To further validate replication, add a document to the leader index:

PUT leader-01/_doc/1 { "Doctor Sleep":"Stephen King" }

And confirm that it shows up on the follower index:

GET follower-01/_search { ... "max_score" : 1.0, "hits" : [ { "_index" : "follower-01", "_type" : "_doc", "_id" : "1", "_score" : 1.0, "_source" : { "Doctor Sleep" : "Stephen King" } } ] } }

Pause and resume replication

You can temporarily pause replication if you need to remediate issues or reduce load on the leader domain. Send this request to the follower domain. Make sure to include an empty request body:

POST _plugins/_replication/follower-01/_pause {}

Then get the status to ensure that replication is paused:

GET _plugins/_replication/follower-01/_status { "status" : "PAUSED", "reason" : "User initiated", "leader_alias" : "connection-alias", "leader_index" : "leader-01", "follower_index" : "follower-01" }

When you're done making changes, resume replication. Send this request to the follower domain. Make sure to include an empty request body:

POST _plugins/_replication/follower-01/_resume {}

You can't resume replication after it's been paused for more than 12 hours. You must stop replication, delete the follower index, and restart replication of the leader.

Stop replication

When you stop replication completely, the follower index unfollows the leader and becomes a standard index. You can't restart replication after you stop it.

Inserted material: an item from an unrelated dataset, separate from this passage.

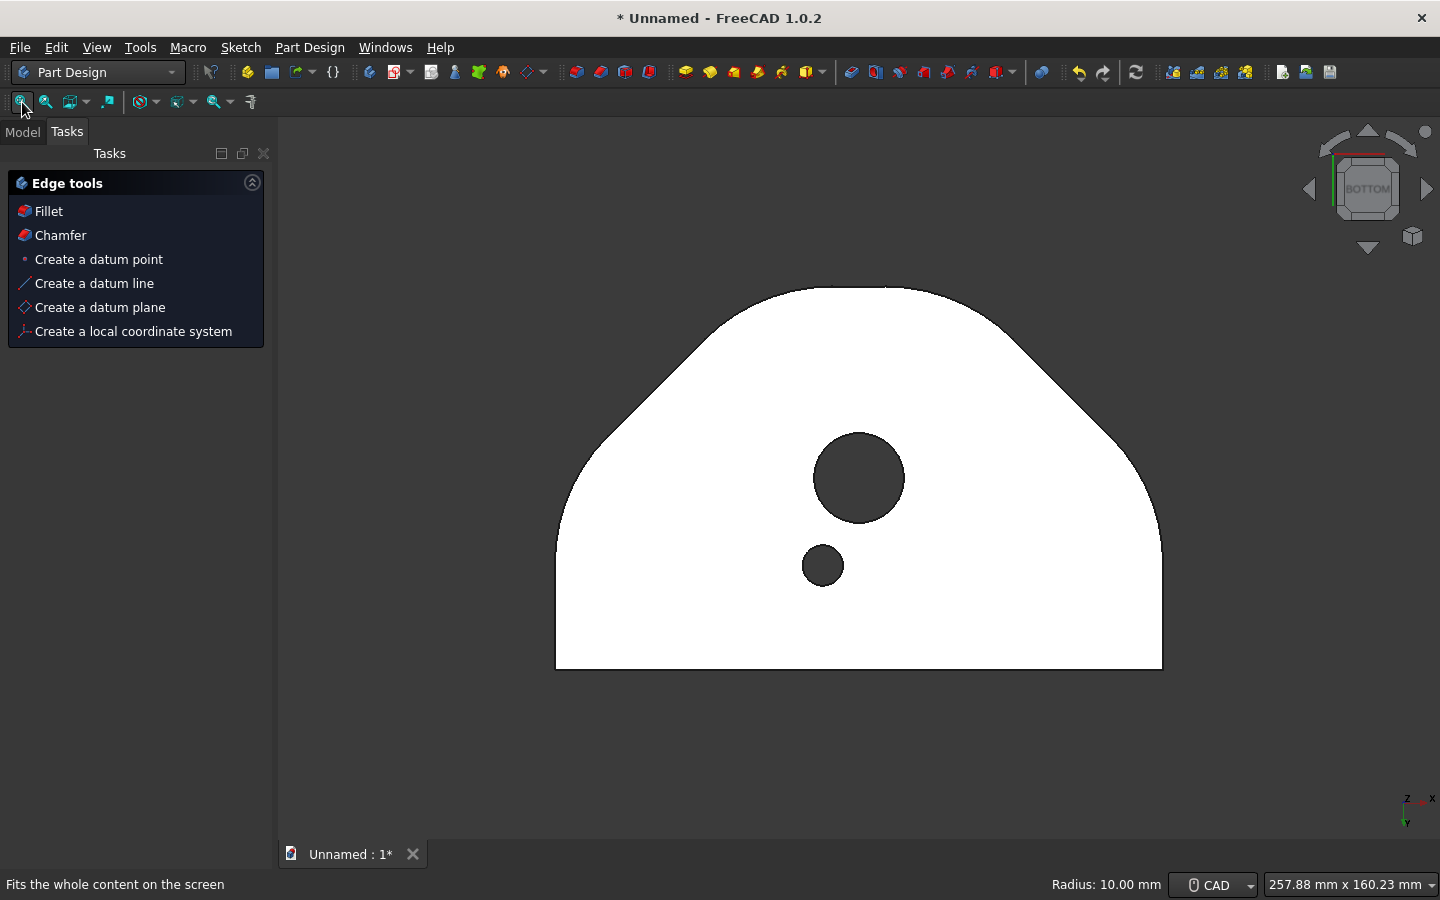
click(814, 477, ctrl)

Stop replication from the follower domain. Make sure to include an empty request body:

POST _plugins/_replication/follower-01/_stop {}

Auto-follow

You can define a set of replication rules against a single leader domain that automatically replicate indexes that match a specified pattern. When an index on the leader domain matches one of the patterns (for example, books*), a matching follower index is created on the follower domain. OpenSearch Service replicates any existing indexes that match the pattern, as well as new indexes that you create. It does not replicate indexes that already exist on the follower domain.

To replicate all indexes (with the exception of system-created indexes, and those that already exist on the follower domain), use a wildcard (*) pattern.

Create a replication rule

Create a replication rule on the follower domain, and specify the name of the cross-cluster connection:

POST _plugins/_replication/_autofollow { "leader_alias" : "connection-alias", "name": "rule-name", "pattern": "books*", "use_roles":{ "leader_cluster_role": "all_access", "follower_cluster_role": "all_access" } }

You can find the connection alias on the Connections tab on your domain dashboard.

This example assumes that an admin is issuing the request, and it uses all_access as the leader and follower domain roles for simplicity. In production environments, however, we recommend that you create replication users on both the leader and follower indexes and map them accordingly. The usernames must be identical. For information about these roles and how to map them, see Map the leader and follower cluster roles in the OpenSearch documentation.

To retrieve a list of existing replication rules on a domain, use the auto-follow stats API operation.

To test the rule, create an index that matches the pattern on the leader domain:

PUT books-are-fun

And check that its replica appears on the follower domain:

GET _cat/indices health status index uuid pri rep docs.count docs.deleted store.size pri.store.size green open books-are-fun ldfHO78xYYdxRMULuiTvSQ 1 1 0 0 208b 208b

Delete a replication rule

When you delete a replication rule, OpenSearch Service stops replicating new indices that match the pattern, but continues existing replication activity until you stop replication of those indexes.

Delete replication rules from the follower domain:

DELETE _plugins/_replication/_autofollow { "leader_alias" : "connection-alias", "name": "rule-name" }

Upgrading connected domains

In order to upgrade the engine version of two domains that have a cross-cluster connection, upgrade the follower domain first and then the leader domain. Do not delete the connection between them, otherwise replication pauses and you won't be able to resume it.